To allow the operator to quickly scan the full volume, a custom mount was designed and 3D-printed to support the stone. The acrylonitrile butadiene styrene (ABS) plastic material helped reduce melting resulting from the direct contact between the hailstone and the supports. The mount used three points of contact to support the stone with as little interference as possible. Reflective positioning targets were permanently fixed to the mount to calibrate the scanner position relative to the mount and allow for the mount to be placed on a turntable. The reflective targets allow the unit to “know” its relative position in three-dimensional space. The turntable allowed the hailstone to be rotated so that the sides of the stones could be scanned without the operator needing to move frequently within the vehicle. The mount also allowed enough space between supports so the bottom of a hailstone could be captured by the operator simply turning the unit to allow the laser to pass across the underside of the hailstone. The support mount is detected during scanning, but is removed in data processing, leaving just the 3D model of the hailstone. An example of a hailstone being scanned in the field and the resulting 3D model can be seen at https://vimeo.com/167924554. Before a hailstone was scanned, specimens were photographed, measured with a caliper, and weighed.

2015 PILOT FIELD TESTING.

The system was first deployed during a period of active severe weather in the Central Plains on 15–18 September 2015. The field team intercepted a supercell thunderstorm near Atchison, Kansas, on 17 September 2015, which produced a relatively high bulk concentration of small hail (<2 cm). Attempts to collect a full scan of small hailstones (<1 cm) were unsuccessful due to the original design of the prototype mount (corrected in a later version). The hailstones were too small to effectively support as they began to melt. Fortunately, a larger hailstone (2.5 cm in diameter) was gathered, and a successful scan was made. The data were processed to remove scanner interference, synthetically fill any small data gaps, and produce the full 3D model (Fig. 2c,d). It is believed that this was the first successful 3D laser scan of a hailstone. The scan of this particular hailstone was completed in approximately 3 min at a resolution of 0.008 cm and used a maximum sampling rate of 25 kHz. The fully scanned hailstone had a mass of 2.50 g, and a maximum diameter of 2.504 cm. The diameter was defined as the longest straight line between two points, which passed through the center of the hailstone model. The volume, determined from the model, was 3.654 cm3, which was 54% less than a sphere of the same diameter (Fig. 2e). The volume coupled with the measured mass yielded a bulk density of 0.68 g cm−3. The digitized 3D model was used to 3D-print a cavity mold based upon the highly detailed hailstone shape (Fig. 2f), and demonstrated the linkage between 3D scanning and printing technology. The success of integrating the digital hail model into a CAD design application and 3D-printing a model highlighted the ability to duplicate natural hailstone shapes and their intricate details in a laboratory setting. This, coupled with exploration of diffused gas ice mixtures, could lead to the re-creation of laboratory hailstones that match the physical and material properties of hailstones observed in the field.
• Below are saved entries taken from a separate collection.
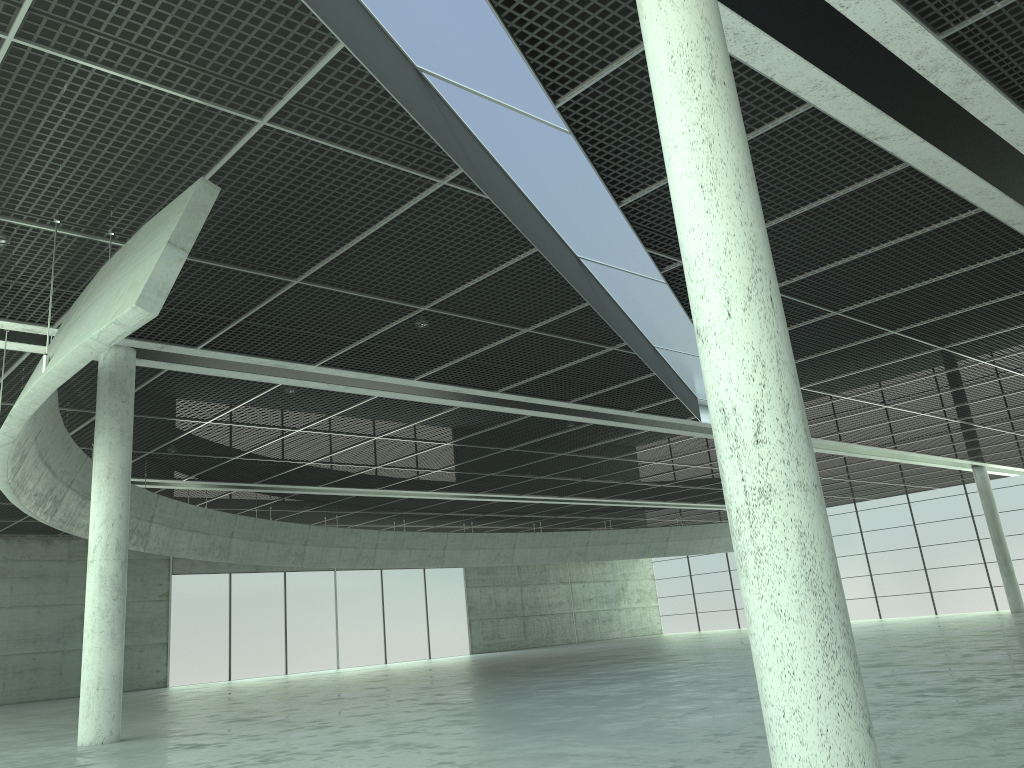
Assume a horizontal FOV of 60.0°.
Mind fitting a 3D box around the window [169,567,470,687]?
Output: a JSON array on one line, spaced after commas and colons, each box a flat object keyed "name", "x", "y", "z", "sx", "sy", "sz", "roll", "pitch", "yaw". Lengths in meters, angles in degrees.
[{"name": "window", "x": -17.547, "y": 26.113, "z": 88.638, "sx": 33.522, "sy": 10.658, "sz": 0.159, "roll": 10, "pitch": -23, "yaw": -41}]

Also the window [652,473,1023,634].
[{"name": "window", "x": 15.029, "y": 9.714, "z": 54.706, "sx": 100.766, "sy": 16.075, "sz": 99.619, "roll": 10, "pitch": -23, "yaw": -41}]

2016 FIELD MEASUREMENT PROGRAM AND ANALYSIS.

The 2016 field measurement program focused on obtaining 3D models of hailstones and performing corresponding compressive strength tests. The efforts produced 42 digital hailstone models collected primarily from supercell thunderstorms in the Southern Great Plains of the United States in May and June of 2016. A subset of scanned hailstones, showing the variety of shapes that were captured, is shown in Fig. 3. The high-resolution models allowed for an accurate volume estimate to be obtained for each hailstone. It is acknowledged that some melting may have occurred prior to collection, and/or liquid water contained within small cavities in the hailstone may have drained, resulting in a small bias. It is also possible that protuberances may have been rounded off because of melting or impact with the ground. When compared with hailstone densities estimated using physical measurements and shape assumptions, the errors are expected to be reduced.

Fig. 3.

Collection of several hailstone models showing the variety of shapes captured during the 2016 field program. The date and general location are provided for each hailstone.

Fig. 3.

Collection of several hailstone models showing the variety of shapes captured during the 2016 field program. The date and general location are provided for each hailstone.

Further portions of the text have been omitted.